Without any pictures, the records below should be reproduced exactly.

Dataset items
§ §
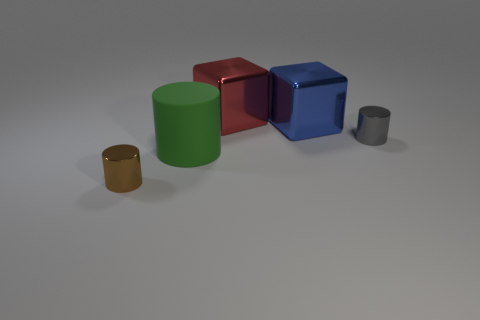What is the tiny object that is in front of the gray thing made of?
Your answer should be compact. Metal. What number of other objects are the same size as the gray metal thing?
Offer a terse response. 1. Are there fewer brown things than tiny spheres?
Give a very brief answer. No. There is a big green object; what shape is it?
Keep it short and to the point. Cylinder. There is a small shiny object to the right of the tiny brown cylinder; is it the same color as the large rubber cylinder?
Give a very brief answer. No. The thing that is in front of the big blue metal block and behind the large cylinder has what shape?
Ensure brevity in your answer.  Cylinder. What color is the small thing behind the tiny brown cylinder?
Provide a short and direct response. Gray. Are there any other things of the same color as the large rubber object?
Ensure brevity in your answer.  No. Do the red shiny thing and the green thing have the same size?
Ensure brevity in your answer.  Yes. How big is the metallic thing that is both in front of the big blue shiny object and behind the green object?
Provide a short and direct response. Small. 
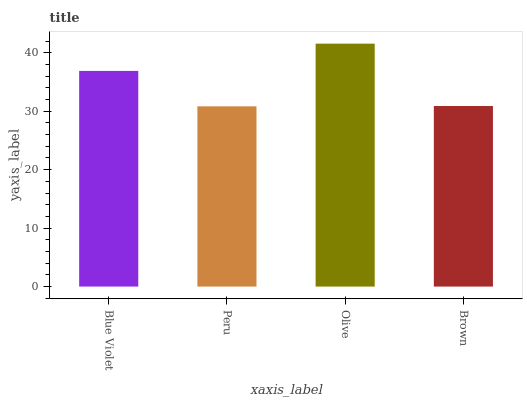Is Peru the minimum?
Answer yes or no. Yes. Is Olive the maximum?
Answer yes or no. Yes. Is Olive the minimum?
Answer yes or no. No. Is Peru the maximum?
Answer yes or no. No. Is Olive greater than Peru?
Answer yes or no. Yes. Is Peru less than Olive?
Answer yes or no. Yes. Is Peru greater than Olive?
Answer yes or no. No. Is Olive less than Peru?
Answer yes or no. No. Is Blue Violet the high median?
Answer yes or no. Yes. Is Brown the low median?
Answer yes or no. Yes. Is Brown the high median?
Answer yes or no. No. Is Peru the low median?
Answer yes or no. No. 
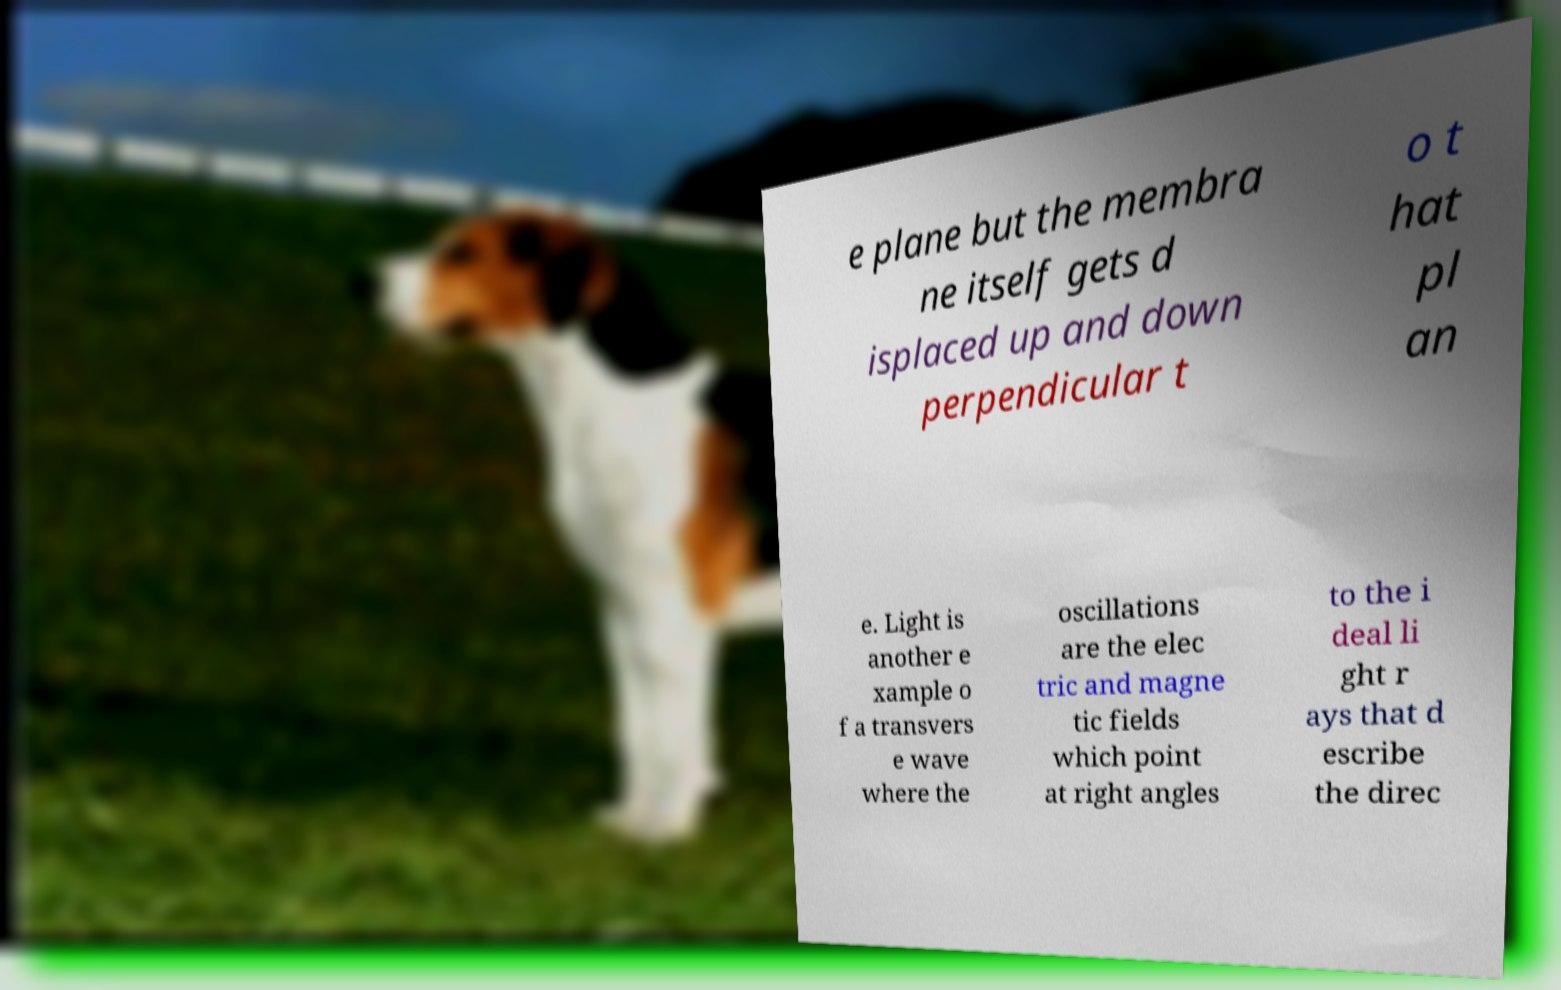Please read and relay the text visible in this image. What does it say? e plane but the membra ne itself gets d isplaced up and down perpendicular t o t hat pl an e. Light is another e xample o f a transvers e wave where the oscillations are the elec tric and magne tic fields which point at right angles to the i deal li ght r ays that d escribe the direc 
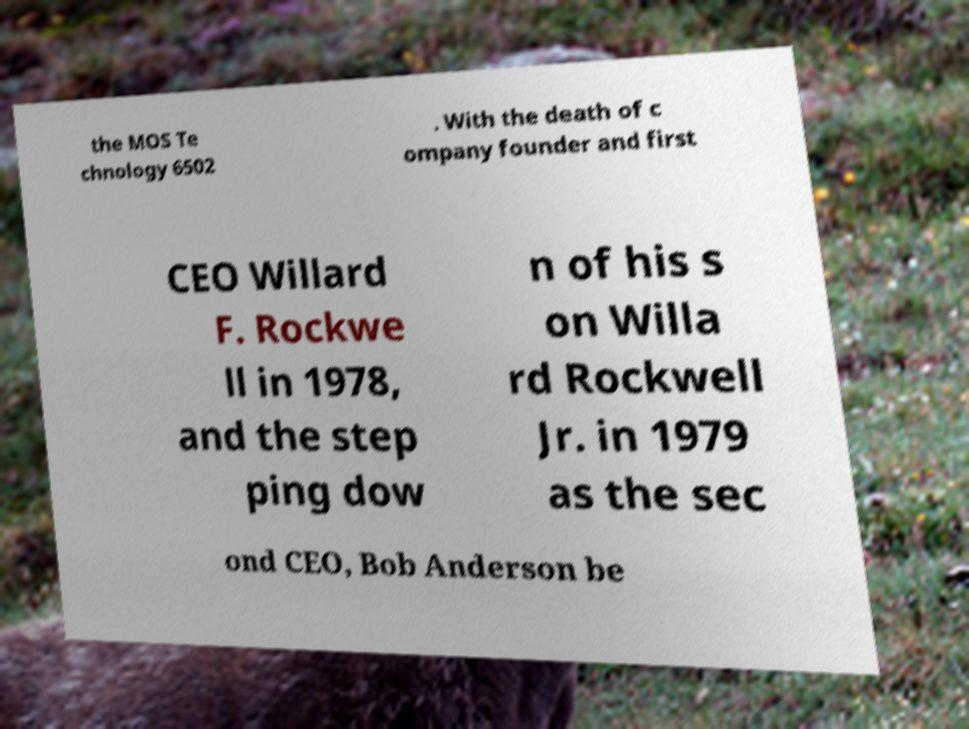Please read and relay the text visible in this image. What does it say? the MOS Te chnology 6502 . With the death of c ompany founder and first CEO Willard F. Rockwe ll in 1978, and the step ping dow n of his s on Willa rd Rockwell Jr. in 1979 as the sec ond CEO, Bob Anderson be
§ §
→ Written solution
What is the tiny object that is in front of the gray thing made of?
Your answer should be compact. Metal. What number of other objects are the same size as the gray metal thing?
Offer a terse response. 1. Are there fewer brown things than tiny spheres?
Give a very brief answer. No. There is a big green object; what shape is it?
Keep it short and to the point. Cylinder. There is a small shiny object to the right of the tiny brown cylinder; is it the same color as the large rubber cylinder?
Give a very brief answer. No. The thing that is in front of the big blue metal block and behind the large cylinder has what shape?
Ensure brevity in your answer.  Cylinder. What color is the small thing behind the tiny brown cylinder?
Provide a short and direct response. Gray. Are there any other things of the same color as the large rubber object?
Ensure brevity in your answer.  No. Do the red shiny thing and the green thing have the same size?
Ensure brevity in your answer.  Yes. How big is the metallic thing that is both in front of the big blue shiny object and behind the green object?
Provide a short and direct response. Small. 
Is Peru the minimum?
Answer yes or no. Yes. Is Olive the maximum?
Answer yes or no. Yes. Is Olive the minimum?
Answer yes or no. No. Is Peru the maximum?
Answer yes or no. No. Is Olive greater than Peru?
Answer yes or no. Yes. Is Peru less than Olive?
Answer yes or no. Yes. Is Peru greater than Olive?
Answer yes or no. No. Is Olive less than Peru?
Answer yes or no. No. Is Blue Violet the high median?
Answer yes or no. Yes. Is Brown the low median?
Answer yes or no. Yes. Is Brown the high median?
Answer yes or no. No. Is Peru the low median?
Answer yes or no. No. 
Please read and relay the text visible in this image. What does it say? e plane but the membra ne itself gets d isplaced up and down perpendicular t o t hat pl an e. Light is another e xample o f a transvers e wave where the oscillations are the elec tric and magne tic fields which point at right angles to the i deal li ght r ays that d escribe the direc 
Please read and relay the text visible in this image. What does it say? the MOS Te chnology 6502 . With the death of c ompany founder and first CEO Willard F. Rockwe ll in 1978, and the step ping dow n of his s on Willa rd Rockwell Jr. in 1979 as the sec ond CEO, Bob Anderson be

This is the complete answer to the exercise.